## PROBLEM DESCRIPTION
Reproduce the whole listing, keeping each word unchanged.

## ENTRIES PROVIDED
──────

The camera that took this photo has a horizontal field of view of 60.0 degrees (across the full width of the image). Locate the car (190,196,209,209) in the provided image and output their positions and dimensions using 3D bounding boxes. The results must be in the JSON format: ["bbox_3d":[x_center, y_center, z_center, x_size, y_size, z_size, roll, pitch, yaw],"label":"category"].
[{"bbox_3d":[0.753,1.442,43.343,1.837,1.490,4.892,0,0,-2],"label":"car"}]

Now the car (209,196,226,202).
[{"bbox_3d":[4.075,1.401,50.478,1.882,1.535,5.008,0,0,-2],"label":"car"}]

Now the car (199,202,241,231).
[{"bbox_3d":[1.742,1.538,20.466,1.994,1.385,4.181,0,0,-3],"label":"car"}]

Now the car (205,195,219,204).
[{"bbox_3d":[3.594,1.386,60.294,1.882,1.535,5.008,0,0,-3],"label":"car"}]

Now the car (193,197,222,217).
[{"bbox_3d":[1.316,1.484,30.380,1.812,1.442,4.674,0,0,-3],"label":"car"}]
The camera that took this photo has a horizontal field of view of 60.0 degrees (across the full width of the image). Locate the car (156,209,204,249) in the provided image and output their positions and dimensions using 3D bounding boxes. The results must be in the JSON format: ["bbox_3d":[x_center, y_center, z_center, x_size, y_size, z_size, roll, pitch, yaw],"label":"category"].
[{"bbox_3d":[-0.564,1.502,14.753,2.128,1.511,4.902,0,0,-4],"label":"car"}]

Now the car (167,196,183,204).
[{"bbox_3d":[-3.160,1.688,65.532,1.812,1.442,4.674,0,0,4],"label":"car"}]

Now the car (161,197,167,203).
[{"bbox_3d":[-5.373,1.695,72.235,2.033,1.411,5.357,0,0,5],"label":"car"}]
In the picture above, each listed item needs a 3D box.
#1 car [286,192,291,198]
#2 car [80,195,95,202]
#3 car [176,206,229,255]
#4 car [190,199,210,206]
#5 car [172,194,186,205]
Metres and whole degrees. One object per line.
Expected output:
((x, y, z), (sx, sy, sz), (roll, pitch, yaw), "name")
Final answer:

──────

## ANSWER TO THIS EXERCISE
The camera that took this photo has a horizontal field of view of 60.0 degrees (across the full width of the image). Locate the car (190,196,209,209) in the provided image and output their positions and dimensions using 3D bounding boxes. The results must be in the JSON format: ["bbox_3d":[x_center, y_center, z_center, x_size, y_size, z_size, roll, pitch, yaw],"label":"category"].
[{"bbox_3d":[0.753,1.442,43.343,1.837,1.490,4.892,0,0,-2],"label":"car"}]

Now the car (209,196,226,202).
[{"bbox_3d":[4.075,1.401,50.478,1.882,1.535,5.008,0,0,-2],"label":"car"}]

Now the car (199,202,241,231).
[{"bbox_3d":[1.742,1.538,20.466,1.994,1.385,4.181,0,0,-3],"label":"car"}]

Now the car (205,195,219,204).
[{"bbox_3d":[3.594,1.386,60.294,1.882,1.535,5.008,0,0,-3],"label":"car"}]

Now the car (193,197,222,217).
[{"bbox_3d":[1.316,1.484,30.380,1.812,1.442,4.674,0,0,-3],"label":"car"}]
The camera that took this photo has a horizontal field of view of 60.0 degrees (across the full width of the image). Locate the car (156,209,204,249) in the provided image and output their positions and dimensions using 3D bounding boxes. The results must be in the JSON format: ["bbox_3d":[x_center, y_center, z_center, x_size, y_size, z_size, roll, pitch, yaw],"label":"category"].
[{"bbox_3d":[-0.564,1.502,14.753,2.128,1.511,4.902,0,0,-4],"label":"car"}]

Now the car (167,196,183,204).
[{"bbox_3d":[-3.160,1.688,65.532,1.812,1.442,4.674,0,0,4],"label":"car"}]

Now the car (161,197,167,203).
[{"bbox_3d":[-5.373,1.695,72.235,2.033,1.411,5.357,0,0,5],"label":"car"}]
In the picture above, each listed item needs a 3D box.
#1 car [286,192,291,198]
#2 car [80,195,95,202]
#3 car [176,206,229,255]
#4 car [190,199,210,206]
#5 car [172,194,186,205]
Metres and whole degrees. One object per line.
Expected output:
((x, y, z), (sx, sy, sz), (roll, pitch, yaw), "name")
Final answer:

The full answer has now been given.